Any thoughts on what might have caused this?

Jerrymac:
From stuff I've read it happens naturally, and you did what was said to do.

I just don't know if it can happen that soon.

Sting:
There is nothing wrong with it.  Your honey has simply crystallized.  All honey does so, at different speeds depending upon the nectar source and other conditions prevalent during the season in which it was gathered, and of course depending on how it is stored.  57 degrees Fahrenheit is the optimum temperature if you are trying to harden your liquid gold, which lots of producers do.  This product is marketed as "granulated" or "creamed" honey and is enjoyed for its spreadability.  The quality of the honey is not altered by crystallization.

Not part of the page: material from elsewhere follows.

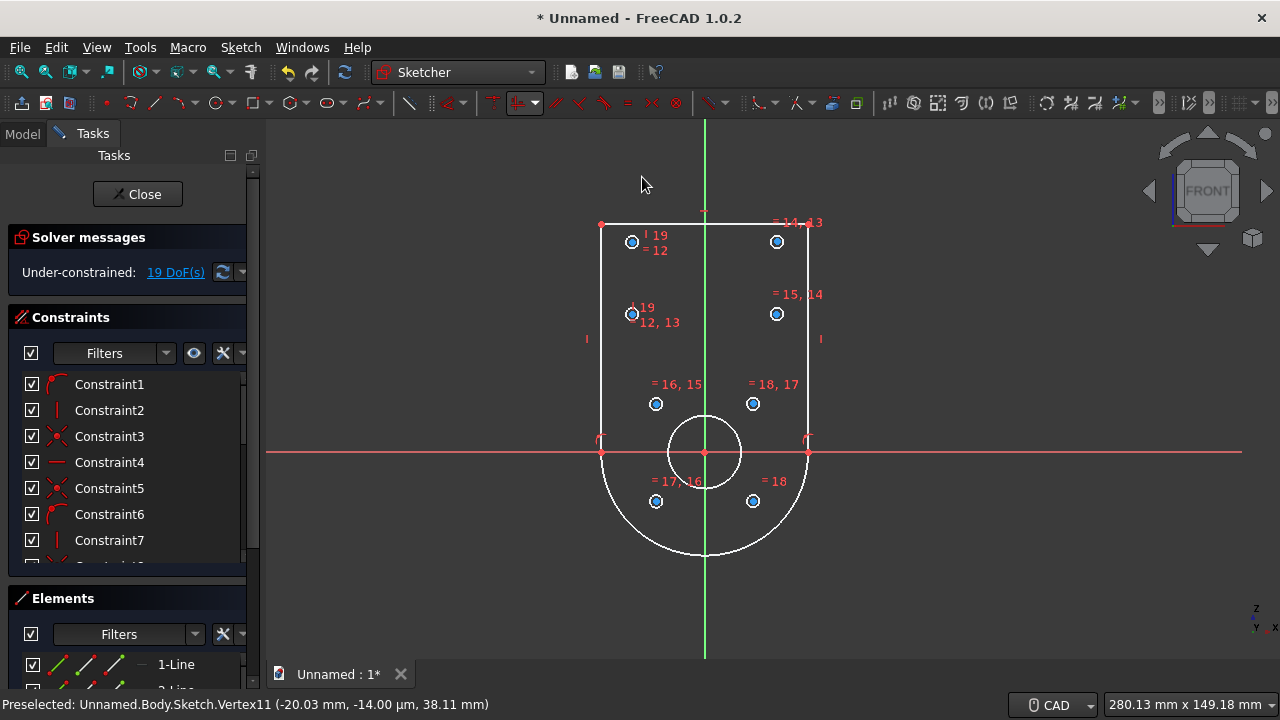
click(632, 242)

The process starts with a tiny number of crystals seeding the honey and ends when all the honey in the container has hardened. ('Kind of like sourdough bread needing a starter).

As you have discovered, a little gentle heat will liquify your honey.  My guess is that yours has been stored in a cool place for it to have crystallized so quickly.

Beth Kirkley:
I had that happen to me too last year. From my fall harvest (taken in Febuary though). It was really interesting to see though.

Beth

Anonymous:
Judy,
Sting is right on in his response. All honey does crystallize, the nectar source plays a major role and the temperature at which you store your honey speeds up or slows down the process.

One thing I might add is that when you process your honey keep it covered as much as possible. Not only does honey absorb moisture from the air, if left uncovered any dust particles that get into it will only speed up the crystallization by becoming the 'seed' that Sting spoke of.

Oh, I guess there were two things. I have read that since microwave ovens are notorious for creating uneven heating patterns, it is recommended that they not be used for trying to re-liquify honey. They say that the uneven heating can harm the flavor of the honey by heating some of the honey to a too high temperature. I personally have never tried to use a microwave for this, so I can't verify or refute this, I'm just passing on what I have read.

A beekeeping friend of mine stores his honey in an outside, below ground cellar (temperature in the low 50's) so that his honey will crystallize. He says it's so that he has crystallized honey when he needs it and he can always liquify some if he needs that.